__What needs to be done__:
What lines below mention the word "whole"? Copy each one.

======== Records

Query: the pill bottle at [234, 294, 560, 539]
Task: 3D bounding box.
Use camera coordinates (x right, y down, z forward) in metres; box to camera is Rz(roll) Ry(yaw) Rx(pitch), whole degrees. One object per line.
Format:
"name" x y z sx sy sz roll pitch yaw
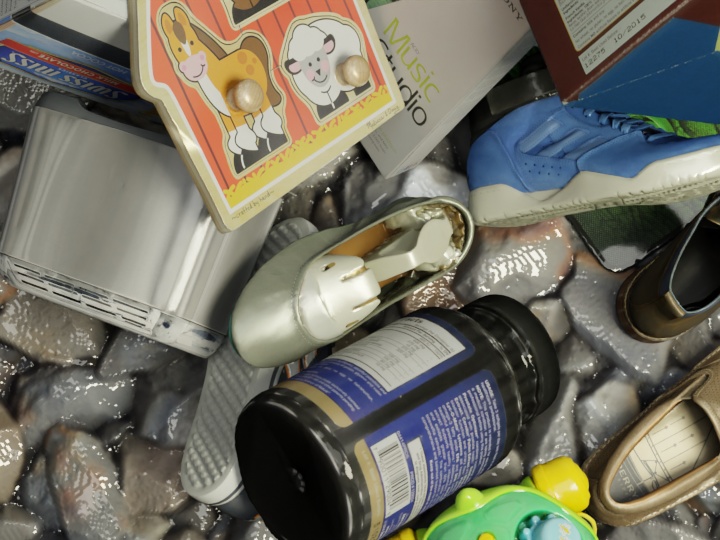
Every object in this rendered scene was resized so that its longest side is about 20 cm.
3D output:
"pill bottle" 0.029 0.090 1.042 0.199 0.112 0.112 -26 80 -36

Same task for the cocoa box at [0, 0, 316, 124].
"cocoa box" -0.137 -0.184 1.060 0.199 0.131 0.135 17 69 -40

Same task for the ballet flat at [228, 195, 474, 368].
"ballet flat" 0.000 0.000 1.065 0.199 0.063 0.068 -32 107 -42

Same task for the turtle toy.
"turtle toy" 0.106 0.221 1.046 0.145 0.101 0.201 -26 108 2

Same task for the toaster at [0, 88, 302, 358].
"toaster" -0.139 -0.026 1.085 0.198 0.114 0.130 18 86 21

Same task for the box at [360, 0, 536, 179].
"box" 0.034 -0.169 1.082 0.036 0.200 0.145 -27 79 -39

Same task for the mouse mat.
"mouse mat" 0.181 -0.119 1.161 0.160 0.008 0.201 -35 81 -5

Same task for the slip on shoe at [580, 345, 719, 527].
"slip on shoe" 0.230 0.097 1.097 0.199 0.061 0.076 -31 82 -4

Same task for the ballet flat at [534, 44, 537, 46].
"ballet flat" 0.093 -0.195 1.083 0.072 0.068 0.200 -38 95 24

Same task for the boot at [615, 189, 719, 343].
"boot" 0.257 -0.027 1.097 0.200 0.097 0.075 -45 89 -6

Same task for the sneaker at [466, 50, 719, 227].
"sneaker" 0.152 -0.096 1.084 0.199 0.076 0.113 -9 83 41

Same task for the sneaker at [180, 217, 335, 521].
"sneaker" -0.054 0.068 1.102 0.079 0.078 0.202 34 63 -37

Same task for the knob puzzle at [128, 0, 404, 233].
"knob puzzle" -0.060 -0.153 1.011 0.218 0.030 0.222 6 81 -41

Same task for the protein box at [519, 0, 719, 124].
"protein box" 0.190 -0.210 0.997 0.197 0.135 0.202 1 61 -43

================
======== Records

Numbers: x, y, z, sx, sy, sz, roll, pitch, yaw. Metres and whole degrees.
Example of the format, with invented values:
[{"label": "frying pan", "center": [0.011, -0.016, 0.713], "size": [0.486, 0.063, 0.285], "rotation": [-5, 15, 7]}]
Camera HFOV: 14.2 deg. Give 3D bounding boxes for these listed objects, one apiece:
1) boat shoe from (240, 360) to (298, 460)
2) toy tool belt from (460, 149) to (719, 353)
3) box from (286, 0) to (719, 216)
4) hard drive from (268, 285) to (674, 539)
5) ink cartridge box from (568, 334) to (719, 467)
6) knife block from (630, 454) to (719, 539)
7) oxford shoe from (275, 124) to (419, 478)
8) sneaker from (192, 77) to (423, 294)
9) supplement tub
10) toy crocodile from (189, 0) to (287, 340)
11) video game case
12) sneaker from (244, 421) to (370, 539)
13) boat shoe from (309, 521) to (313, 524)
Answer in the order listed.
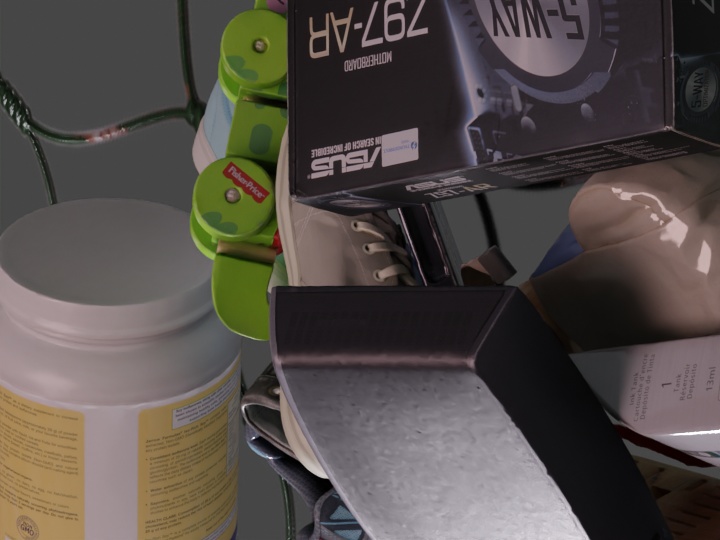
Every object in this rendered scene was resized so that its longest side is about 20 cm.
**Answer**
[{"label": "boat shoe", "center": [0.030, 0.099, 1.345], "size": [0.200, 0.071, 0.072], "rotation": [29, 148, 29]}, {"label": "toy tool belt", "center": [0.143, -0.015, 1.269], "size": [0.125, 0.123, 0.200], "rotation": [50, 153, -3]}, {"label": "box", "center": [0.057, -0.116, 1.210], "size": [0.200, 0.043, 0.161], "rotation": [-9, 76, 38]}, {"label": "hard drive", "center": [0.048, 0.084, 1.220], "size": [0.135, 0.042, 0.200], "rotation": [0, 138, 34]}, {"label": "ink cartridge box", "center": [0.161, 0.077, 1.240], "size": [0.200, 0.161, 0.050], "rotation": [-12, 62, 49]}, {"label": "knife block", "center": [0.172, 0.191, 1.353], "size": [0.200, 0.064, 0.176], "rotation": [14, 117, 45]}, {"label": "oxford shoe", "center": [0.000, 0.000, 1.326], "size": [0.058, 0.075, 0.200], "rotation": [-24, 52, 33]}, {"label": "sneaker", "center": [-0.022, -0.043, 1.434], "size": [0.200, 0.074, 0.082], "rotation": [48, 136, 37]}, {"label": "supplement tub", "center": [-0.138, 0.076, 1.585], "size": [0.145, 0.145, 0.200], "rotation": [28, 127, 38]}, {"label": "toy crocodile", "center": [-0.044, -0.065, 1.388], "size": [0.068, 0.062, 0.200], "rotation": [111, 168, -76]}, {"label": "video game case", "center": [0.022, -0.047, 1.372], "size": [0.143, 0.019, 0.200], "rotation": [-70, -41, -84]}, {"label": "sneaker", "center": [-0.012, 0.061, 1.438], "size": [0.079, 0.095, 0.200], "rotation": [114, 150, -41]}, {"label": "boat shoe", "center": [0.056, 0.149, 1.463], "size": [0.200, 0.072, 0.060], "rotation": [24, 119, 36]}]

================

__Exercise result__:
Use camera coordinates (x right, y down, z forward) in metres; box to camera is Rz(roll) Ry(yaw) Rx(pitch), whole degrees. One object per line.
Numbers: x, y, z, sx, sy, sz, roll, pitch, yaw. Metres and whole degrees.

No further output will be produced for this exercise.